Transformer models: The Transformer model, as originally proposed in the paper “Attention Is All You Need” by Vaswani et al., consists of both an encoder and a decoder. Each part is composed of layers that use self-attention mechanisms. The encoder processes the input data (like text) and creates context-rich representations of it. The decoder uses these representations along with its inputs (like the previous word in a sentence) to generate an output sequence. T5 (Text-To-Text Transfer Transformer) utilizes an encoder-decoder architecture. Then, there is another example of BART (Bidirectional and Auto-Regressive Transformers) that combines a bidirectional encoder (like BERT) with an autoregressive decoder (like GPT).
Make-a-Video: Recently introduced AI system by Facebook / Meta namely Make-a-Video is likely powered by deep learning techniques, possibly including an encoder-decoder architecture for translating text prompts into video content. This architecture, commonly used in sequence-to-sequence transformations, would use an encoder to convert input text into a dense vector representation, and a decoder to transform this vector into video content. However, given the complexity of creating video from text, the system might also employ advanced generative models like Generative Adversarial Networks (GANs) or Variational Autoencoders (VAEs), which excel in generating high-quality, realistic images. Further, to learn mappings from text to visuals and understand the dynamics of the world, it likely leverages large amounts of paired text-image data and video footage, possibly employing unsupervised learning or self-supervised learning techniques.
Machine translation: One of the most common applications of the Encoder-Decoder architecture is Machine Translation. This is where a sequence of words in one language as shown above (encoder-decoder architecture with RNN) is translated into another language. The Encoder-Decoder model can be trained on a large corpus of bilingual texts to learn how to map a sequence of words in one language to the equivalent sequence in another language.
Image captioning: Image captioning is another application of encoder-decoder architecture. This is where an image is processed by an encoder (using CNN), and the output is passed to a decoder (RNN or LSTM) that generates a textual description of the image. This can be used for applications like automatic image tagging and captioning.

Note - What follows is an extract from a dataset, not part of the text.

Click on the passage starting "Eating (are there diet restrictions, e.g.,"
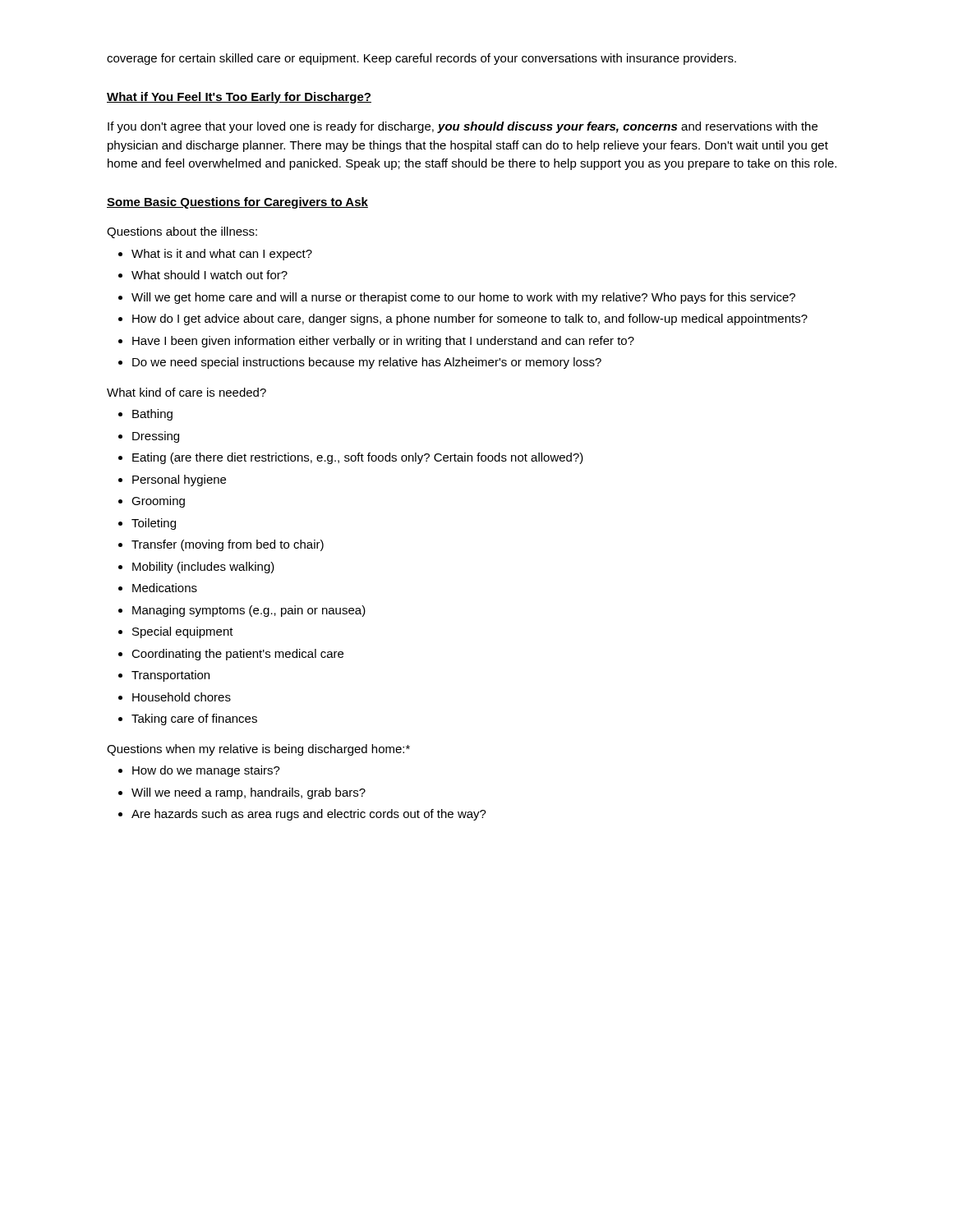357,457

9. Sequence-to-Sequence Learning with Neural Networks (Hands-On)

In this tutorial, we’ll walk through how to implement a basic sequence-to-sequence (Seq2Seq) model using an Encoder-Decoder architecture in PyTorch. The Seq2Seq model is widely used for tasks like machine translation, text summarization, and question answering. It works by taking in a sequence (like a sentence) as input and generating a sequence (like a translated sentence) as output.

We’ll use a simplified machine translation task, translating German to English, using the `Multi30k` dataset.

What is the Multi30k Dataset?

The `Multi30k` dataset is a collection of parallel English-German sentences. Each sentence in the dataset is a pair of a sentence in German and its corresponding translation in English. This dataset is often used for training machine translation models.

For our model, we will tokenize the sentences, build vocabularies for both languages, and train the model to translate German sentences into English.

Project Overview

1. Data Preprocessing: We’ll tokenize sentences in German and English and prepare the dataset for training. 2. Model Architecture: We’ll create two components: — Encoder: Reads the source (German) sentence and converts it into a context vector. — Decoder: Uses the context vector to generate the target (English) sentence. 3. Training: Train the model on the dataset to minimize the loss between the predicted and actual target sentences. 4. Evaluation: We’ll evaluate the model by translating new sentences and computing the BLEU score, which is commonly used to evaluate the quality of machine translations.

Step 1: Installing and Importing Libraries

We’ll use a few libraries: `torch` for deep learning, `torchtext` for handling datasets, and `spacy` for tokenization.

Install the required libraries using:

pip install torch torchtext spacy
python -m spacy download de_core_news_sm
python -m spacy download en_core_web_sm

Next, import the libraries:

import torch
import torch.nn as nn
import torch.optim as optim
import random
import spacy
from torchtext.data import Field, BucketIterator
from torchtext.datasets import Multi30k

Step 2: Data Preprocessing

We’ll use the `Multi30k` dataset, which provides sentence pairs in English and German. The German sentences will be reversed to help the model learn better alignment between source and target sentences.

Tokenization

To split the sentences into words, we’ll use `spacy`:

spacy_de = spacy.load('de_core_news_sm')
spacy_en = spacy.load('en_core_web_sm')
def tokenize_de(text):
 return [tok.text for tok in spacy_de.tokenizer(text)][::-1]
def tokenize_en(text):
 return [tok.text for tok in spacy_en.tokenizer(text)]

Field Definitions

We use `torchtext`’s `Field` to define how the data will be processed. We specify how to tokenize the data and handle the start (``) and end (``) tokens.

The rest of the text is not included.